Lembro ainda quando a gente os adquiria na rua de algum lenhador improvisado para a época de Natal. Quando também se comprava o peru de algum verdureiro que os cevava nos últimos meses do ano. Ao contrário de hoje que os preparativos se fazem de última hora.  Apesar das facilidades como o forno elétrico de hoje,  e outras benesses. Há anos atrás era preciso procurar padarias que assavam os animais das festas. Nem sempre se conseguia, a fila era longa.
Talvez por isso agora nos pareça passarem tão rápido essas festas de fim de ano. Ontem foi Natal, hoje é Ano Novo. As folhinhas dos calendários 2014 foram arrancadas - agora é outro ano -, os espumantes e champanhes tiveram seus brindes, o peru e o leitão já fizeram sua parte.
Nas estradas, viajantes saudosos buscando suas famílias, para reviver origens e fortalecer laços¸ enfrentam os perigos do trânsito terrível: é uma roleta russa, mas com Deus e a Virgem Maria invocados pelos parentes que os aguardam, e muitos cuidados, eles chegam felizes para a mais terna celebração do calendário – o nascimento de um menino que mudou o mundo.
Menos consumismo – é o que dizem os noticiários - desagradou comerciantes, mas aproximou mais as pessoas que se trocaram prendas com maior significado e carinho. Com um olho no ano que vem de prognósticos sombrios, melhor apertar o cinto que a crise vem aí. Os pessimistas temem o atraso nos salários, a crise do desemprego, negócios e produções em queda, um caos! Mas há quem tenha esperança de que as consciências se aclarem, que este país de tantas possibilidades não negue oportunidades a seus filhos que se iniciam no trabalho; e aos aposentados, que possam descansar sem preocupações financeiras. O Brasil é tão grande. Há lugar para todos. Até para os exilados que não têm mais para onde ir.
  O clima dos últimos dias contribui para dar um ar de mistério sobre o que será amanhã. Chuvas, tempestades, céu de brigadeiro? As nuvens teimam em permanecer toldando os céus.
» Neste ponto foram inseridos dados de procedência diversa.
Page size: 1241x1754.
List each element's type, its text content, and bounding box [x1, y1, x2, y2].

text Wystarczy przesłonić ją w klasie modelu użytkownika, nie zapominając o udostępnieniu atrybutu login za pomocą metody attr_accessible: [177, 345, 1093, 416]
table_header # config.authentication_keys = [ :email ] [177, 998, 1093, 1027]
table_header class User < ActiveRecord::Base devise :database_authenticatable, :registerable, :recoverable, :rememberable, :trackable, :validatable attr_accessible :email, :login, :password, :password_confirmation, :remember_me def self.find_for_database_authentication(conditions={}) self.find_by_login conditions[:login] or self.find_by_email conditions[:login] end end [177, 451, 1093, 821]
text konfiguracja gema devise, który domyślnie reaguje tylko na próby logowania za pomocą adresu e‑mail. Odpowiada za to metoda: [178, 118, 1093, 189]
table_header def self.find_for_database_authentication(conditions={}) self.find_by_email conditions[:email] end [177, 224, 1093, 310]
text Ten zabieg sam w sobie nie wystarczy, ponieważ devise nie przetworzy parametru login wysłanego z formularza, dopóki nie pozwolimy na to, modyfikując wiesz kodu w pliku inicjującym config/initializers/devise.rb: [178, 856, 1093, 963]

 Os cuidados com os preparativos do Natal e a convivência agradável em família não deixam que a nostalgia tão temida desses dias tome conta da gente. Por isso, o fim do ano não é mais aquele velhinho triste, curvado sob um cajado, que nos abandona ao desconhecido. A nova folhinha traz imagens vibrantes de um futuro cheio de novas surpresas. Tudo pode acontecer.
Enquanto os poderosos enchem suas arcas  com os bens públicos – até que sejam flagrados – nós, os sonhadores humildes, que apostam no amor e na justa partilha, ainda acreditamos que a vida vai melhorar.

O ano 2015 nos traz grandes esperanças.